The present invention relates to a corneum layer stabbing device usable to measure the chemical components of an interstitial fluid produced by suction, particularly to collect a tissue fluid below the corneum of a skin.
It has been customary to measure the contents of glucose, lactate, urea nitrogen and other chemical substances existing in an organism by collecting blood. The content of each component is measured on the basis of a change in the color of a test paper, a light absorption degree, or an electric signal output from a biosensor. Such measuring methods have recently been improved to such an extent that even a sample of several microliters can be measured. To collect blood, a needle is usually penetrated into the vein of, e.g., an arm. On the other hand, when the amount of blood necessary for measurement is only several microliters, a fine needle having an inside diameter as small as several microns may be penetrated into a capillary. However, it is difficult to accurately position and insert such a fine needle into a capillary. In light of this, a method using a blood collecting device having a number of fine hollow needles has been proposed in, e.g., Japanese Patent Laid-Open Publication No. 7-132119. This method makes it needless to position a single needle.
On the other hand, measuring methods using an interstitial fluid collected from a skin in place of blood have been proposed and disclosed in, e.g., Proc. of the First Pan Pacific Symposium, Vancouver, Canada, Jul. 23-27, 1986, pp. 57-58 and Proc. of the Symposium of the Chemical Sensors, PV87-9, pp.327-333.
An interstitial fluid is a trace of liquid produced by removing a corneum layer from a part the skin of, e.g., an arm and then depressurizing the same part. The interstitial fluid is generally considered to be a fluid existing in a hypodermic tissue or a liquid filtered via a capillary wall due to depressurization. Because the interstitial fluid produced by suction is lower in a protein content than blood, it reduces the deposition of proteins on the surface of a sensor during measurement and thereby extends the life of the sensor. In addition, collecting an interstitial fluid via a skin reduces the subject's pain and contagion, compared to the collection of blood. This kind of method is taught in, e.g., Japanese Patent Laid-Open Publication No. 4-341241 by way of example.
The conventional blood collecting device has a problem that needles are formed by a silicon nitride film as thin as 1 .mu.m and therefore extremely fragile and cannot easily penetrate a skin. Another problem is that the needles penetrated a skin are apt to bend and stop holes or to be left in the subject's body. Moreover, when blood is passed through a fine tube whose diameter is as small as several tens of microns, red blood cells present in the blood and having a diameter of about 10 .mu.m to 20 .mu.m are destroyed (hemolysis). This changes the contents of chemical substances existing in the blood.
The conventional method of measuring an interstitial fluid produced by suction solves the above problems, but brings about other problems, as follows. A first problem is that a tape stripping method used to remove the corneum layer needs expertness. Specifically, the thickness of a corneum layer and how it comes off depend on the portion, age and sex. Should the removal of a corneum layer be insufficient, an interstitial fluid would not be collected. Should the removal be excessive, it would cause bleeding and pain to occur. Therefore, to remove a corneum layer to a depth great enough to collect an interstitial fluid without any bleeding, careful operation relying on experience and perception is necessary.
A second problem is that the removal of a corneum layer is a burden on a subject or patient both physically and psychologically because the patient is required to stay still for more than 30 minutes until the end of the removal.
A third problem is that a skin does not cure rapidly.
That is, a skin from which a corneum layer has been removed does not regenerate for about two weeks.

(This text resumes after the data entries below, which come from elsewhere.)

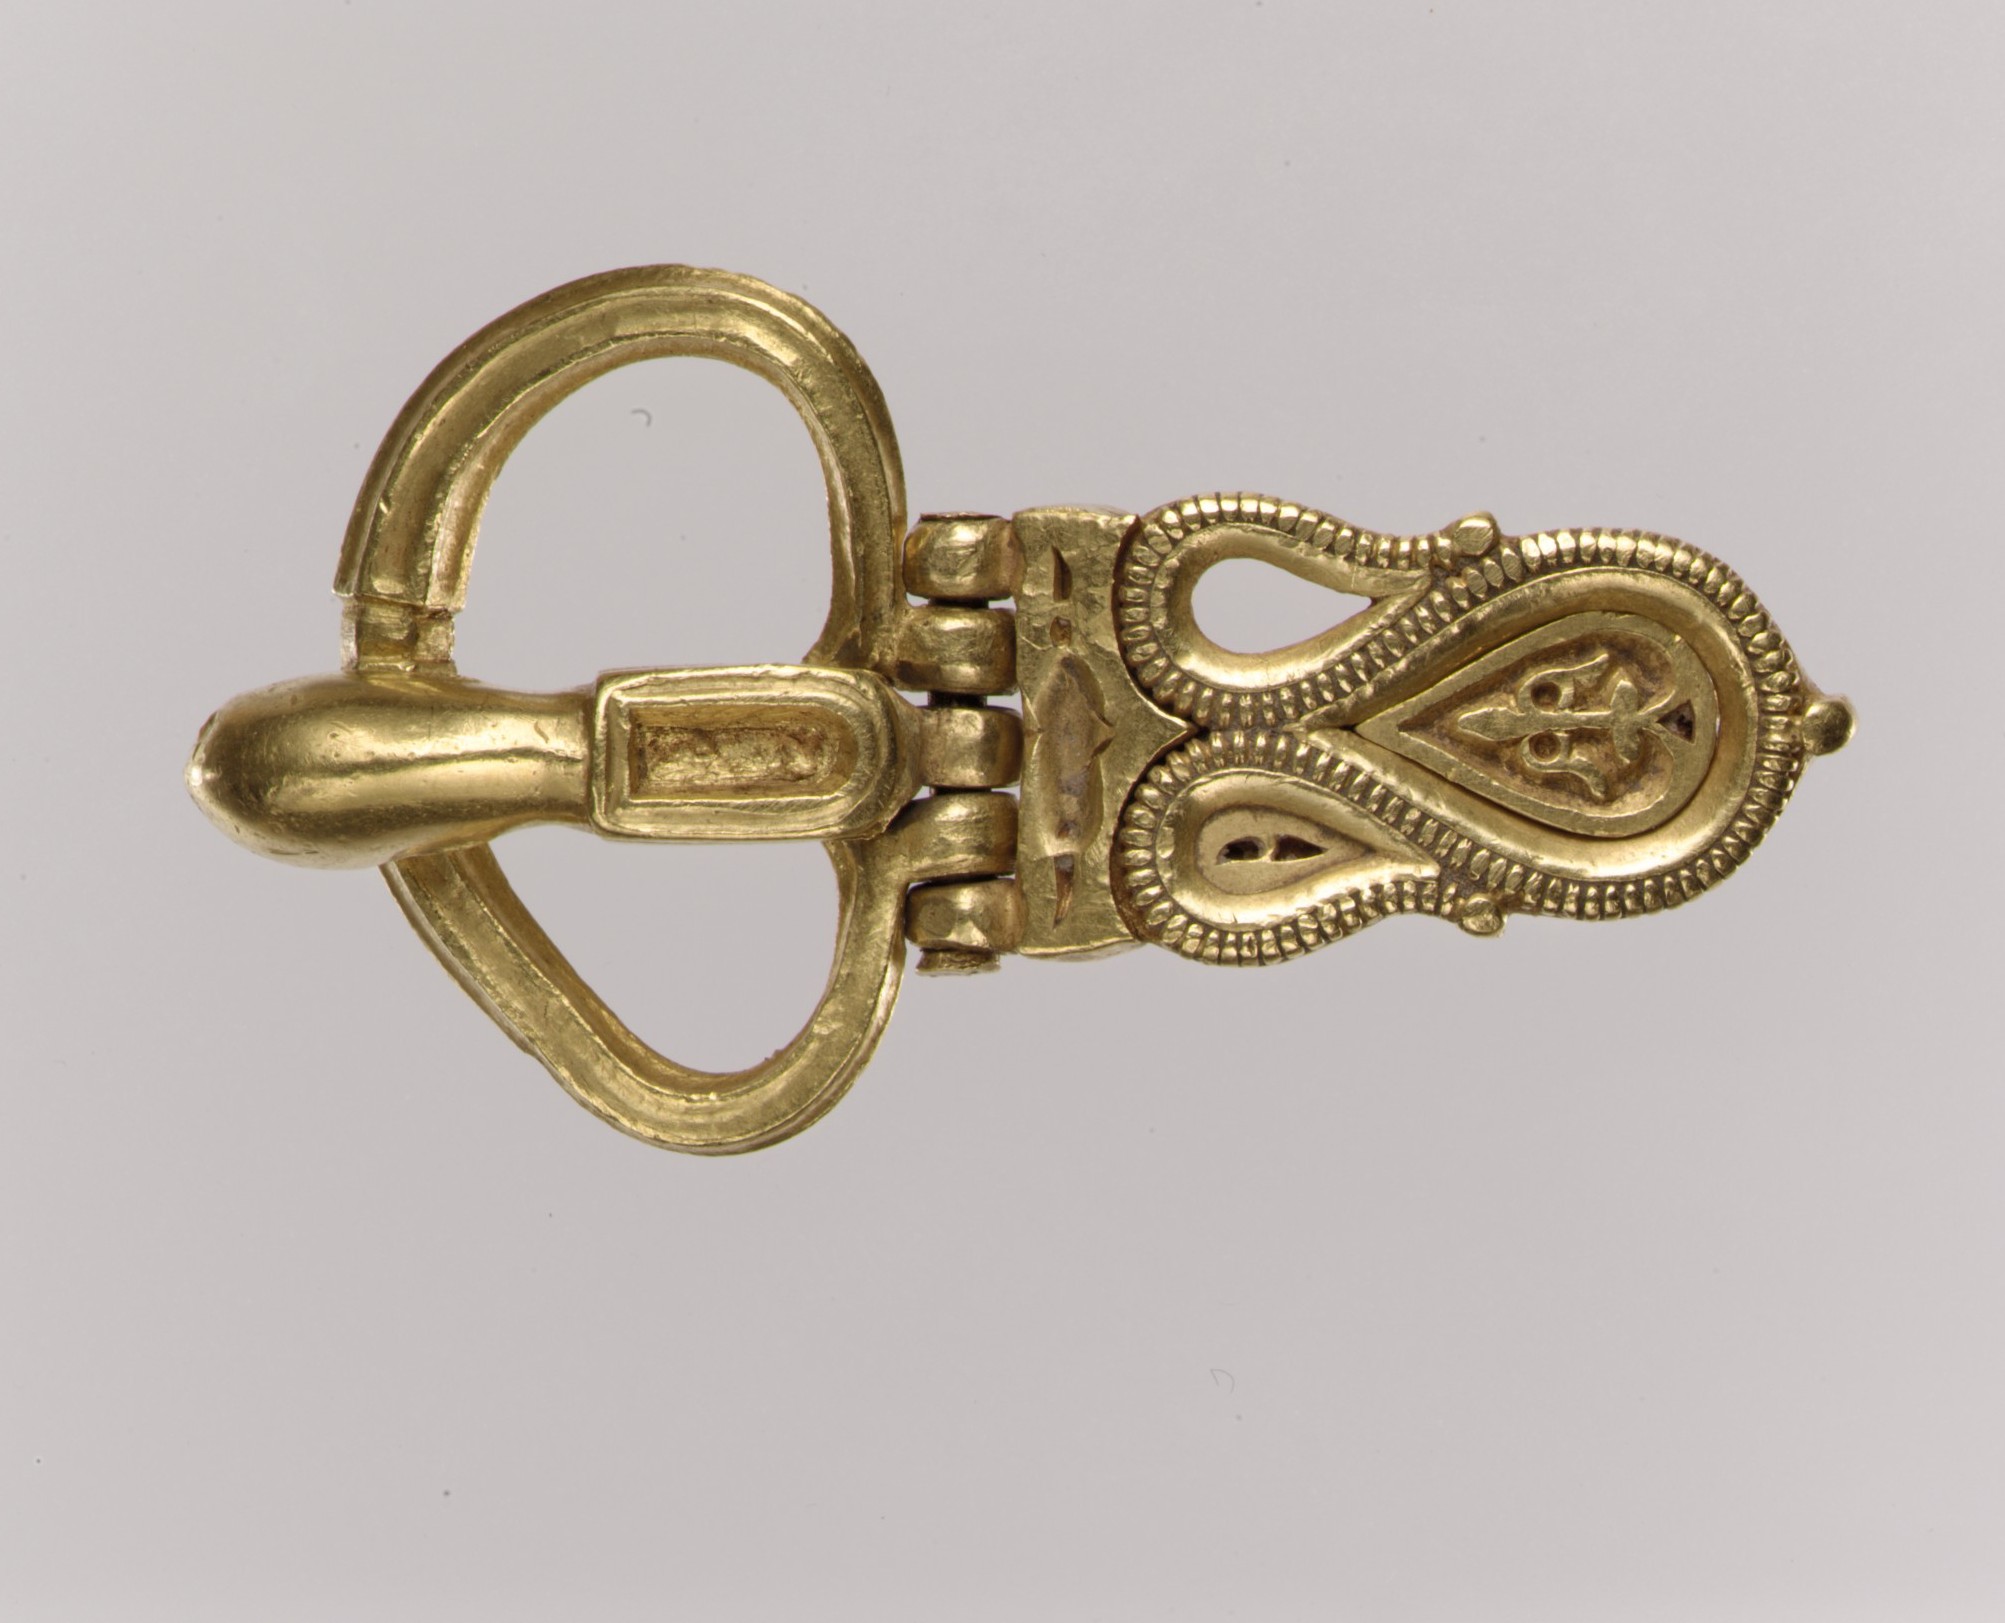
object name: buckle
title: Gold Buckle
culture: byzantine or langobardic
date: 501-700
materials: gold, metal

A fourth problem is that it is difficult to remove a corneum layer evenly, resulting in inefficient interstitial fluid collection. Specifically, the amount of collection of an interstitial fluid is proportional to the area of removal of a corneum layer. In a corneum layer, basement cells below corneum repeat division with the result that keratinocytes are stacked on a skin in the form of scales. The tape stripping method renders the removal of such a corneum layer irregular and cannot remove a desired area evenly.
Technologies relating to the present invention are also disclosed in, e.g., Medical and Biological Engineering & Computing, May 1994, pp. 242-246 and Japanese Patent Laid-Open Publication Nos. 2-286132 and 6-121796.